Assignment: Go through the records below and return each line that has "pitch" in it.

[Opening Input data section]

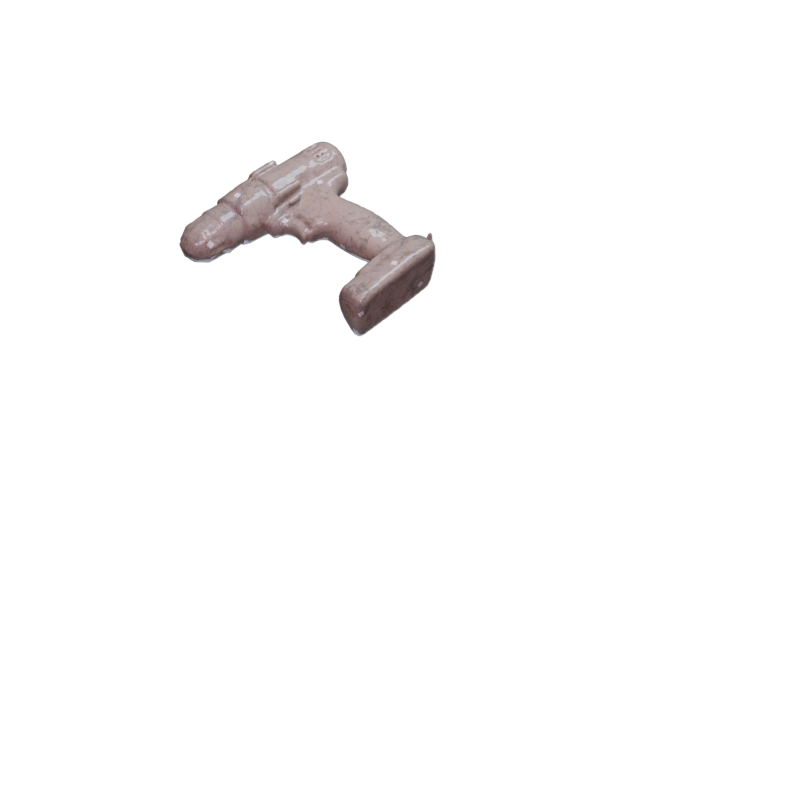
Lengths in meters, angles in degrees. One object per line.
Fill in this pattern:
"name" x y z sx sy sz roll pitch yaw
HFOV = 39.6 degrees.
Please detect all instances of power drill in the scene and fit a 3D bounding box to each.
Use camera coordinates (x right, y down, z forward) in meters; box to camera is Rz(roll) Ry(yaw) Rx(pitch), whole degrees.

[Closing Input data section]

Answer for this exercise:
"name" x y z sx sy sz roll pitch yaw
Use camera coordinates (x right, y down, z forward) in meters; box to camera is Rz(roll) Ry(yaw) Rx(pitch), whole degrees.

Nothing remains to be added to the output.